The tree swallows built their nest in early spring. The female waited for her lover at the top of our plum tree, beside the nesting box. He came, carrying the night sky on his back—sleek and graceful in his wide-swooping flight. She met him in the air. Their bodies touched, like a kiss, a moment’s hesitation, slight hover of wing. Then he circled back around—made that wide arc around the yard. Over and over I watched their love play, beside myself with joy. I would count the eggs. I would watch the transformation from pink mounds of lanugo-furred flesh to this: flight acrobats.

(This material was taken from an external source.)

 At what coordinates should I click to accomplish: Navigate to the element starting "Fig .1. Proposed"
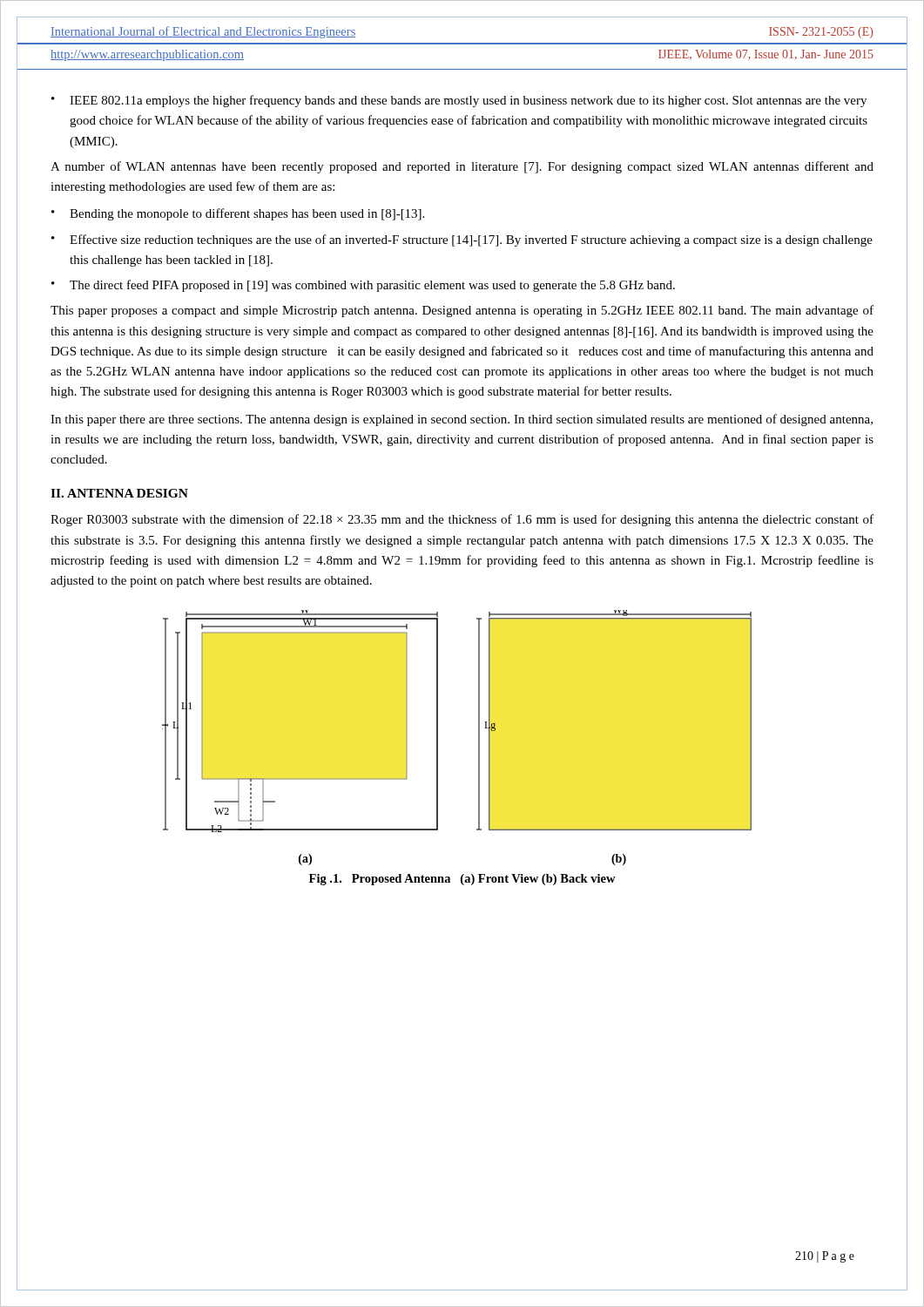point(462,879)

The male would visit us as we lingered on the back deck in the slow-cooling air of night. He sat atop my shepherd’s hook—cocked his head to the side as I whispered sweet words to him. His mate peered from a distance, a beautiful, glistening face waiting in the nesting box.
Every day I checked the box. Two weeks: no eggs. The yard was flooded with starlings. They made noisy chatter. They pecked at the nesting box with the missus inside. Soon, my midnight-backed lovers were gone. I waited until the neighboring baby robins fledged—until I heard their high-pitched squeaking under the maple tree. Then, I opened the box and removed the nest: a loose weave of dried grass with five soft, new feathers on top. I held a downy white feather in the palm of my hand.
The wind lifted it and carried it away.